[Data excerpts]
::::::
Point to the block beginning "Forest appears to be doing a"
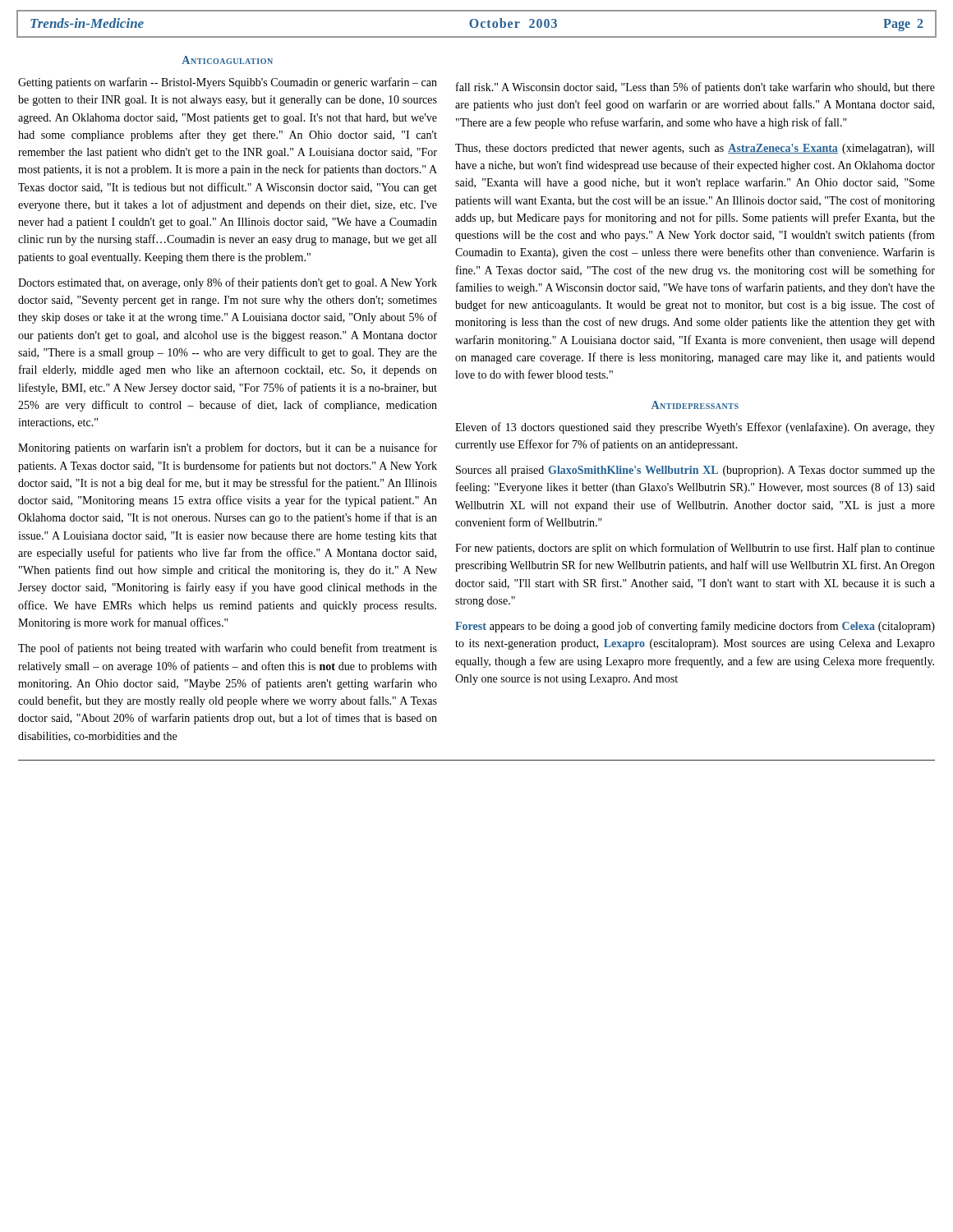point(695,653)
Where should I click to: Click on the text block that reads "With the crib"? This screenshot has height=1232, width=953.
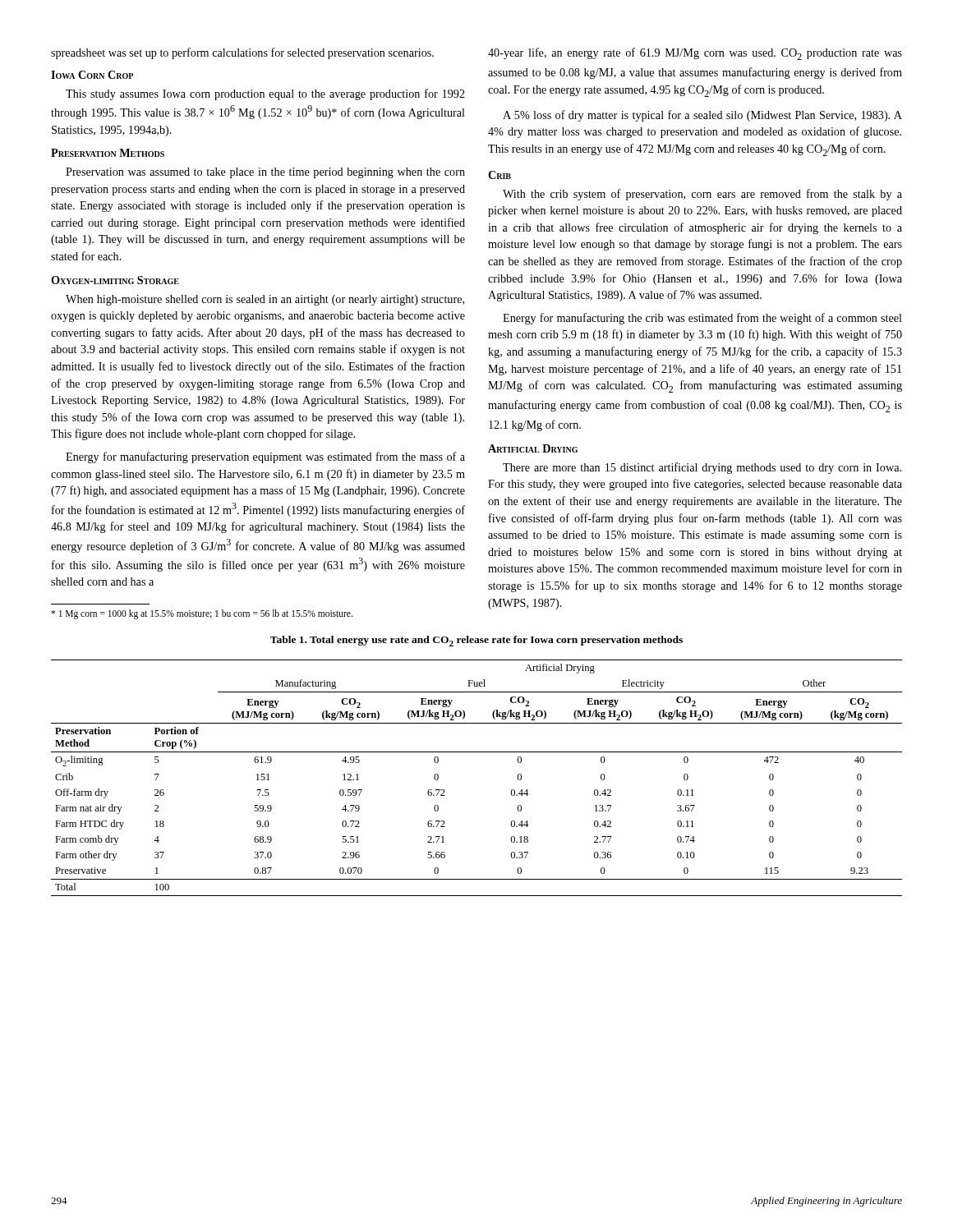tap(695, 309)
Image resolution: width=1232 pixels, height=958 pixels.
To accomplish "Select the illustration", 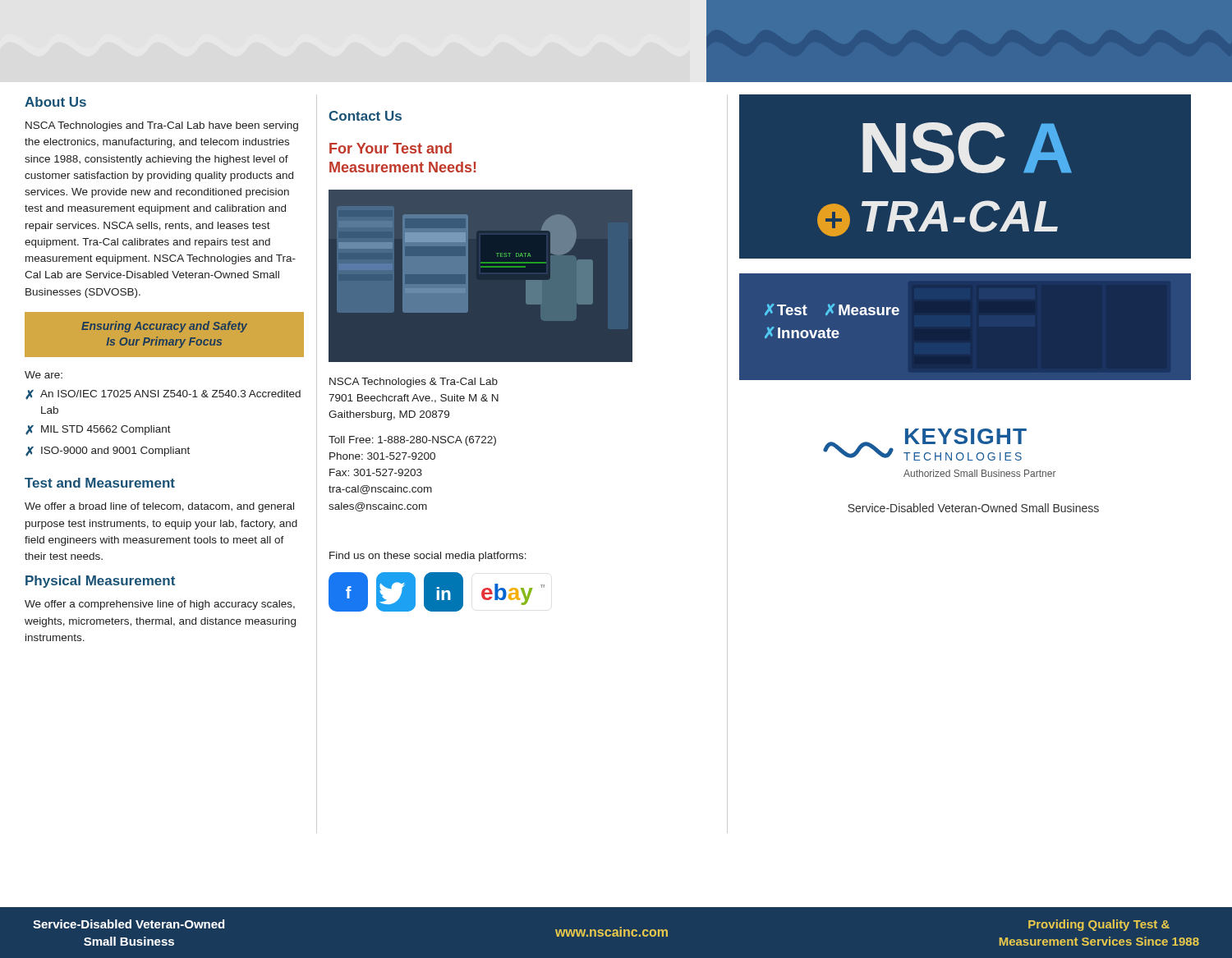I will tap(973, 327).
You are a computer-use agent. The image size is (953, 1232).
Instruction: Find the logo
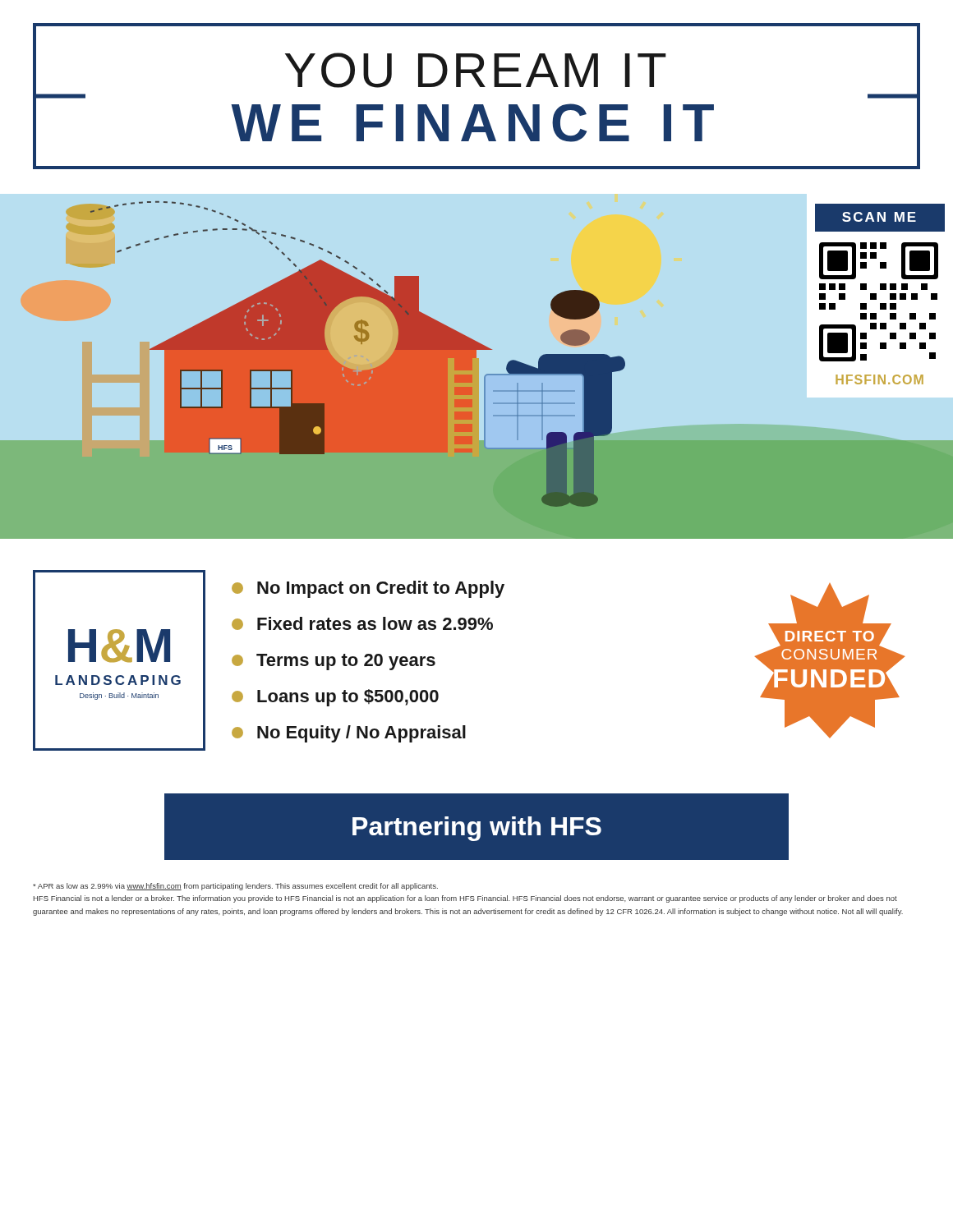pyautogui.click(x=119, y=661)
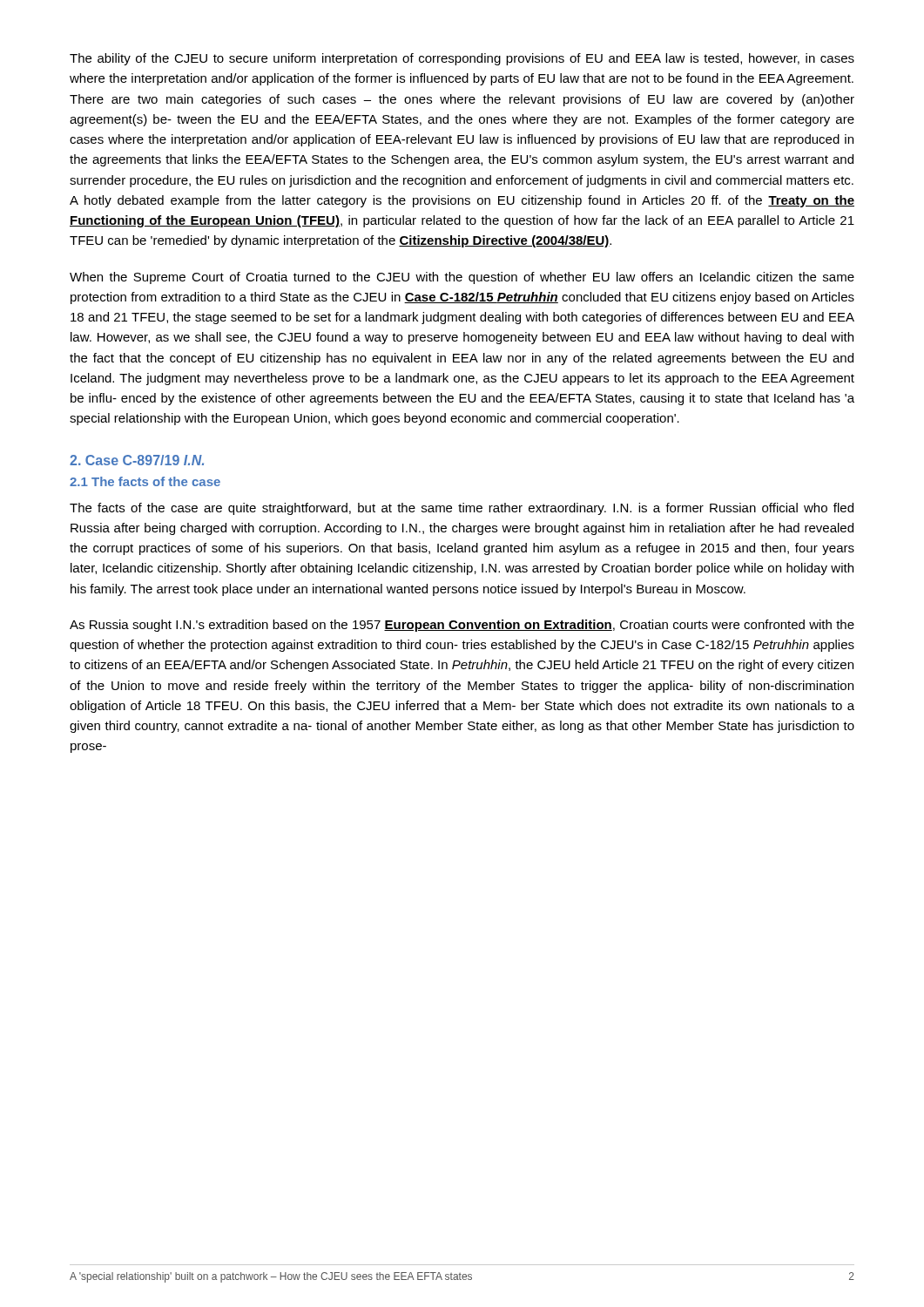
::::::
> [EXERCISE GOAL]: Pictures should not appear in the copy. Write out exactly the lines above from the first one through the line that contains "Image resolution: width=1232".

> [RESULT FOR THIS TASK]:
Point to the block beginning "Forest appears to be doing a"
point(695,653)
Where should I click to: Click on the text block that reads "With the crib"? This screenshot has height=1232, width=953.
tap(695, 309)
Image resolution: width=1232 pixels, height=958 pixels.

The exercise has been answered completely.